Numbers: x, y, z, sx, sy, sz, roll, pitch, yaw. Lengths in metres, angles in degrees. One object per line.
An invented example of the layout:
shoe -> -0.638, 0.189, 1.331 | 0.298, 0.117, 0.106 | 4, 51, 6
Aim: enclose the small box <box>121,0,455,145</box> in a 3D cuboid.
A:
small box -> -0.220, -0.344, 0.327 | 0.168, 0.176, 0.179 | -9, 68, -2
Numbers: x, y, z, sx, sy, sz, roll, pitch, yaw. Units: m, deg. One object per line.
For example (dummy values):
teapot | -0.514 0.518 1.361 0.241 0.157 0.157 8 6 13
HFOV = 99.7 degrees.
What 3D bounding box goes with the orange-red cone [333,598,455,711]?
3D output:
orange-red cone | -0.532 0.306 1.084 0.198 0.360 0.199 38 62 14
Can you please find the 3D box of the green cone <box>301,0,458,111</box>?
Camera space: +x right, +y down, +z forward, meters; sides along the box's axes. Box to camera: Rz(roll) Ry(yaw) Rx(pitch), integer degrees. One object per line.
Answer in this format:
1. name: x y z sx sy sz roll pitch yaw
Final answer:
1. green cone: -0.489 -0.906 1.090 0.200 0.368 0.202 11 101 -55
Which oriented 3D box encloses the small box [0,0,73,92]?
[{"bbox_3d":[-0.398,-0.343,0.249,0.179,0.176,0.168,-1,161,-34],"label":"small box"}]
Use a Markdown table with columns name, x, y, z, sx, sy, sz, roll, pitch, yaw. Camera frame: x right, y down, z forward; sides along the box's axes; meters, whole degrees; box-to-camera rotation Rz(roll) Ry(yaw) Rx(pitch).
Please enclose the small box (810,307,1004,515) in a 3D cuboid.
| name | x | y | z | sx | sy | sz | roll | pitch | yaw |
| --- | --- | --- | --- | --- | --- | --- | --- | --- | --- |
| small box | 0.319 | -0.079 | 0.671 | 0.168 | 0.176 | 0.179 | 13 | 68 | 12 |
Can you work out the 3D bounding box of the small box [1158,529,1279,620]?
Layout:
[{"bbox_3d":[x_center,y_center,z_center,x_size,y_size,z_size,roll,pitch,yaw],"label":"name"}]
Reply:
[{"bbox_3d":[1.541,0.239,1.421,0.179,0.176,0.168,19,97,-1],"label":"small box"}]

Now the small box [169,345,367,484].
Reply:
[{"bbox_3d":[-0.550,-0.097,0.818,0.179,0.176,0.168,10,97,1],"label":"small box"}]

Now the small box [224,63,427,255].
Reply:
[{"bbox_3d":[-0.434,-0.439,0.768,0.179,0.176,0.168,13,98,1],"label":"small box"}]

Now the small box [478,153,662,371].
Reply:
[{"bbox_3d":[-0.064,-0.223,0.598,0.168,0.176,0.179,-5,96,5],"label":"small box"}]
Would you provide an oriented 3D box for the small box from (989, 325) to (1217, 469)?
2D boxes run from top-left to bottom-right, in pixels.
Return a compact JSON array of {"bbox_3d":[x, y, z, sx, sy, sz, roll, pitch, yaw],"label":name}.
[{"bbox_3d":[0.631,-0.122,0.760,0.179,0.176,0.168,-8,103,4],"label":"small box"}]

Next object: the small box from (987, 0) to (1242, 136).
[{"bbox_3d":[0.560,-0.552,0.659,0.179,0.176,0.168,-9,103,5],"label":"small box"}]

**EXERCISE:** Each entry must be retyped exactly as it was written above.

**ANSWER TO THIS EXERCISE:**
Numbers: x, y, z, sx, sy, sz, roll, pitch, yaw. Lengths in metres, angles in degrees. One object per line.
An invented example of the layout:
shoe -> -0.638, 0.189, 1.331 | 0.298, 0.117, 0.106 | 4, 51, 6
Aim: enclose the small box <box>121,0,455,145</box> in a 3D cuboid.
A:
small box -> -0.220, -0.344, 0.327 | 0.168, 0.176, 0.179 | -9, 68, -2
Numbers: x, y, z, sx, sy, sz, roll, pitch, yaw. Units: m, deg. One object per line.
For example (dummy values):
teapot | -0.514 0.518 1.361 0.241 0.157 0.157 8 6 13
HFOV = 99.7 degrees.
What 3D bounding box goes with the orange-red cone [333,598,455,711]?
3D output:
orange-red cone | -0.532 0.306 1.084 0.198 0.360 0.199 38 62 14
Can you please find the 3D box of the green cone <box>301,0,458,111</box>?
Camera space: +x right, +y down, +z forward, meters; sides along the box's axes. Box to camera: Rz(roll) Ry(yaw) Rx(pitch), integer degrees. One object per line.
Answer in this format:
1. name: x y z sx sy sz roll pitch yaw
Final answer:
1. green cone: -0.489 -0.906 1.090 0.200 0.368 0.202 11 101 -55
Which oriented 3D box encloses the small box [0,0,73,92]?
[{"bbox_3d":[-0.398,-0.343,0.249,0.179,0.176,0.168,-1,161,-34],"label":"small box"}]
Use a Markdown table with columns name, x, y, z, sx, sy, sz, roll, pitch, yaw. Camera frame: x right, y down, z forward; sides along the box's axes; meters, whole degrees; box-to-camera rotation Rz(roll) Ry(yaw) Rx(pitch).
Please enclose the small box (810,307,1004,515) in a 3D cuboid.
| name | x | y | z | sx | sy | sz | roll | pitch | yaw |
| --- | --- | --- | --- | --- | --- | --- | --- | --- | --- |
| small box | 0.319 | -0.079 | 0.671 | 0.168 | 0.176 | 0.179 | 13 | 68 | 12 |
Can you work out the 3D bounding box of the small box [1158,529,1279,620]?
Layout:
[{"bbox_3d":[x_center,y_center,z_center,x_size,y_size,z_size,roll,pitch,yaw],"label":"name"}]
Reply:
[{"bbox_3d":[1.541,0.239,1.421,0.179,0.176,0.168,19,97,-1],"label":"small box"}]

Now the small box [169,345,367,484].
Reply:
[{"bbox_3d":[-0.550,-0.097,0.818,0.179,0.176,0.168,10,97,1],"label":"small box"}]

Now the small box [224,63,427,255].
Reply:
[{"bbox_3d":[-0.434,-0.439,0.768,0.179,0.176,0.168,13,98,1],"label":"small box"}]

Now the small box [478,153,662,371].
Reply:
[{"bbox_3d":[-0.064,-0.223,0.598,0.168,0.176,0.179,-5,96,5],"label":"small box"}]
Would you provide an oriented 3D box for the small box from (989, 325) to (1217, 469)?
2D boxes run from top-left to bottom-right, in pixels.
Return a compact JSON array of {"bbox_3d":[x, y, z, sx, sy, sz, roll, pitch, yaw],"label":name}.
[{"bbox_3d":[0.631,-0.122,0.760,0.179,0.176,0.168,-8,103,4],"label":"small box"}]

Next object: the small box from (987, 0) to (1242, 136).
[{"bbox_3d":[0.560,-0.552,0.659,0.179,0.176,0.168,-9,103,5],"label":"small box"}]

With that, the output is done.